A canary release is the first stage of a phased rollout. It answers the narrowest possible question: does this change cause obvious harm? You're not trying to measure a subtle metric improvement at 1%. You're looking for crashes, error spikes, and latency regressions that would be visible even in a small sample.

How does a canary release differ from a full rollout?

A canary release is a specific phase within a broader rollout, not an alternative to one. The distinction matters because the goals are different at each stage.

During the canary phase, you're watching for catastrophic failures. The sample is too small for subtle metric analysis, but it's large enough to detect a 5x increase in crash rate or a 200ms latency spike. The hold duration is short, usually a few hours to a day, because you're screening for acute problems.

After the canary phase passes, the rollout continues through larger stages (10%, 50%, 100%) where the sample sizes support more nuanced metric comparisons. The monitoring becomes more sophisticated: instead of "did anything break badly?", you're asking "are guardrail metrics within acceptable bounds?"

In Confidence, a canary release uses the same flag infrastructure as any other rollout. You set the flag to 1%, let it hold, check guardrail metrics, and then decide whether to advance. There's no separate canary system to maintain.

What should you look for during a canary?

Focus on signals that are both severe and fast-moving.

Crash rates. A code path that causes crashes will show up quickly even at 1% traffic. If your canary group of 10,000 users has a crash rate 3x higher than the control, you know within hours.

Error rates. Server-side errors (5xx responses), client-side exceptions, and failed API calls. These surface broken functionality that might not cause a full crash but degrades the experience.

Latency. P95 and P99 latency are particularly useful during canary phases because tail latency problems that are invisible in averages show up clearly in high percentiles.

Sample ratio mismatch. If the number of users in the canary group doesn't match the expected allocation, something is wrong with the assignment mechanism itself. Confidence automatically checks for sample ratio mismatches, catching this class of problem before it corrupts the rollout.

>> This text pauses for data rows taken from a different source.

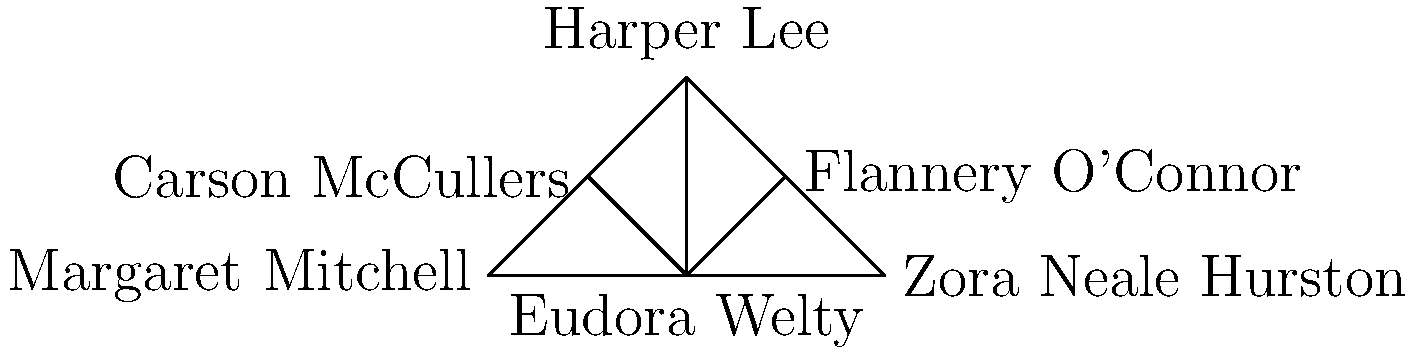In this network of influential Southern female authors, which writer has the highest degree centrality, connecting her to the most peers and potentially serving as a bridge between different literary circles? To determine the author with the highest degree centrality, we need to count the number of connections (edges) each author has in the network:

1. Eudora Welty: 5 connections (to all other authors)
2. Flannery O'Connor: 3 connections (to Welty, Lee, and Hurston)
3. Carson McCullers: 3 connections (to Welty, Lee, and Mitchell)
4. Harper Lee: 3 connections (to Welty, O'Connor, and McCullers)
5. Margaret Mitchell: 2 connections (to Welty and McCullers)
6. Zora Neale Hurston: 2 connections (to Welty and O'Connor)

Eudora Welty has the highest degree centrality with 5 connections, making her the most connected author in this network. This positions her as a central figure in Southern women's literature, potentially bridging different styles, themes, and generations of writers.
Answer: Eudora Welty

Engagement metrics, retention, and business outcomes aren't useful during a canary phase. You don't have the sample size to detect meaningful differences, and trying to interpret noisy data at 1% leads to bad decisions.

When should you skip the canary phase?

Rarely. Even low-risk changes benefit from a brief canary hold because the cost is low (a few hours at 1%) and the protection is real. The cases where teams skip it are usually changes that affect no user-facing behavior: backend configuration updates, internal tooling changes, or flag cleanup.

For anything that touches the user experience, a canary phase is the cheapest insurance available. At Spotify, canary phases are standard practice across teams, and the regressions caught at 1% regularly prevent incidents that would have been much more expensive at full rollout.